參、核被告蘇桂花、蘇文環所為,均係犯刑法第277條第1項之傷害罪。原審以被告2人所犯罪證明確,予以論罪科刑,固非無見,惟查,聲請簡易判決處刑書謂被告蘇文環係共同涉犯傷害罪嫌云云,然依上開貳所述之理由,被告蘇王阿期被訴傷害犯行部分尚屬不能證明,自應為其此部分無罪之諭知,且告訴人蘇桂花因本件傷害所造成之傷勢並無「左眼角膜水腫」,原審未審酌此部分證據逕認被告蘇王阿期犯傷害罪且與被告蘇文環所犯之罪間,有共同正犯關係,又誤認告訴人蘇桂花另受有「左眼角膜水腫」之傷害,均有未洽,檢察官以被告蘇文環、蘇王阿期共同傷害告訴人之視能,已達重傷害之程度,且量刑過輕為由提起上訴,上訴人蘇桂花否認犯行提起上訴,雖均無理由,然原審判決既有可議,自屬無可維持,故應就被告蘇文環、蘇王阿期2人傷害部分予以撤銷改判。惟上訴人蘇桂花傷害犯行,洵屬明確,原審認事用法,應無違誤,上訴人猶空言否認犯行,提起本件上訴,為無理由,應予駁回。爰審酌被告蘇文環與告訴人蘇桂花,互為族親,遇事卻無法理性解決,反以尋釁之激烈方式為之,然因告訴人蘇桂花動口後先行動手,且對於受傷程度有所誇大,造成司法資源之浪費,惡性並未較被告蘇文環輕微,兼衡被告蘇文環之素行(見卷附之臺灣高等法院被告全國前案紀錄表)、犯罪之動機、目的、手段、智識程度、被害人蘇桂花所受傷害之程度等一切情狀,量處如主文所示之刑,並諭知易科罰金之折算標準,以示儆懲。

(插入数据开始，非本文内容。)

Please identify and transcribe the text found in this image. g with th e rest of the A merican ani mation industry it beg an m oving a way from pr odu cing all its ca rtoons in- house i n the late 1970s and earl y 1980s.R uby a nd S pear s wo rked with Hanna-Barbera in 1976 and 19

肆、本件原審未及查明被告蘇王阿期傷害部分應諭知無罪之判決,及被告蘇文環並無共犯,顯然與檢察官具以求處罪刑之事實不符,致未依刑事訴訟法第451之1第4項但書第2、3款、第452條規定適用通常程序審理,而誤用簡易判決處刑,其所踐行之簡易處刑程序違背法令,其簡易處刑程序存有瑕疵,為保障當事人之審級利益,本院合議庭就被告蘇文環、蘇王阿期部分依通常程序審判後,撤銷原審判決,以第一審法院之地位自為第一審判決。

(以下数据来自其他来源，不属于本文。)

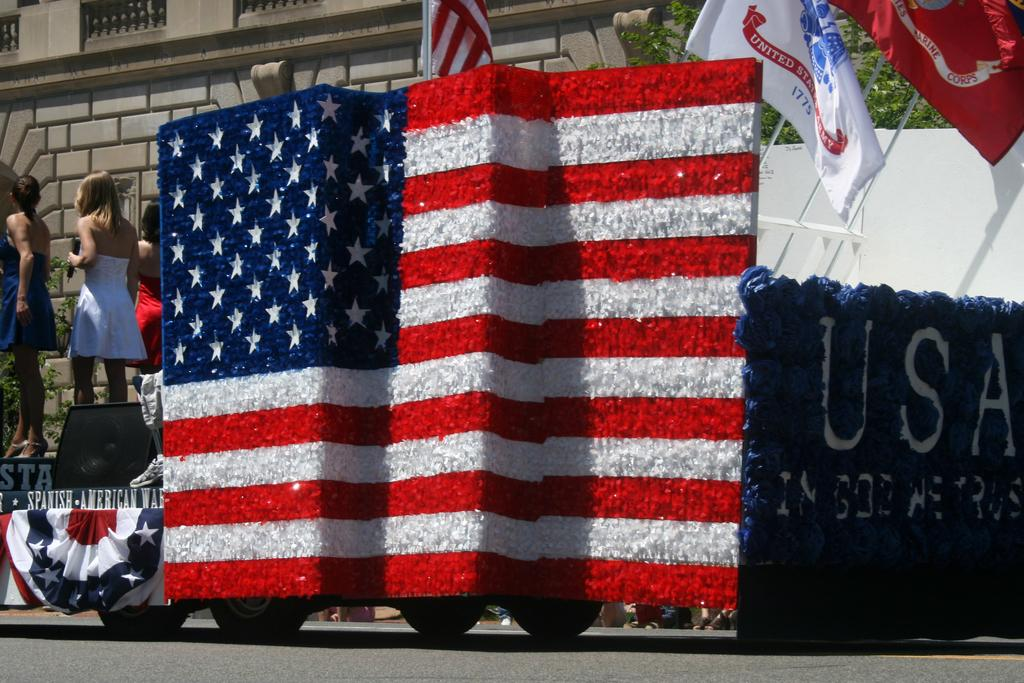<image>
Render a clear and concise summary of the photo. At a parade a us flag themed float has USA written on the back of it.

據上論斷,應依刑事訴訟法第455條之1第1項、第3項、第45
2條、第451之1第4項但書第2、3款、第368條、第369條第1項前段、第364條、第299條第1項前段、第301條第1項,刑法第277條第1項、第41條第1項前段,刑法施行法第1條之1第1項、第2項前段,判決如主文。
本案經檢察官李秀玲到庭執行職務。
中華民國101年11月1日
刑事第五庭審判長法官周淡怡
法官李淑惠法官陳德池以上正本證明與原本無異。
被告蘇桂花部分不得上訴。
被告蘇文環、蘇王阿期部分,檢察官及被告如不服本判決應於收受判決後10日內向本院提出上訴書狀,並應敘述具體理由;其未敘述上訴理由者,應於上訴期間屆滿後20日內向本院補提理由書(均須按他造當事人之人數附繕本)「切勿逕送上級法院」。
告訴人或被害人對於判決如有不服具備理由請求檢察官上訴者,其上訴期間之計算係以檢察官收受判決正本之日期為準。
中華民國101年11月1日
書記官陳文新附錄本案論罪科刑法條中華民國刑法第277條(普通傷害罪)傷害人之身體或健康者,處3年以下有期徒刑、拘役或1千元以下罰金。
犯前項之罪因而致人於死者,處無期徒刑或7年以上有期徒刑;致重傷者,處3年以上10年以下有期徒刑。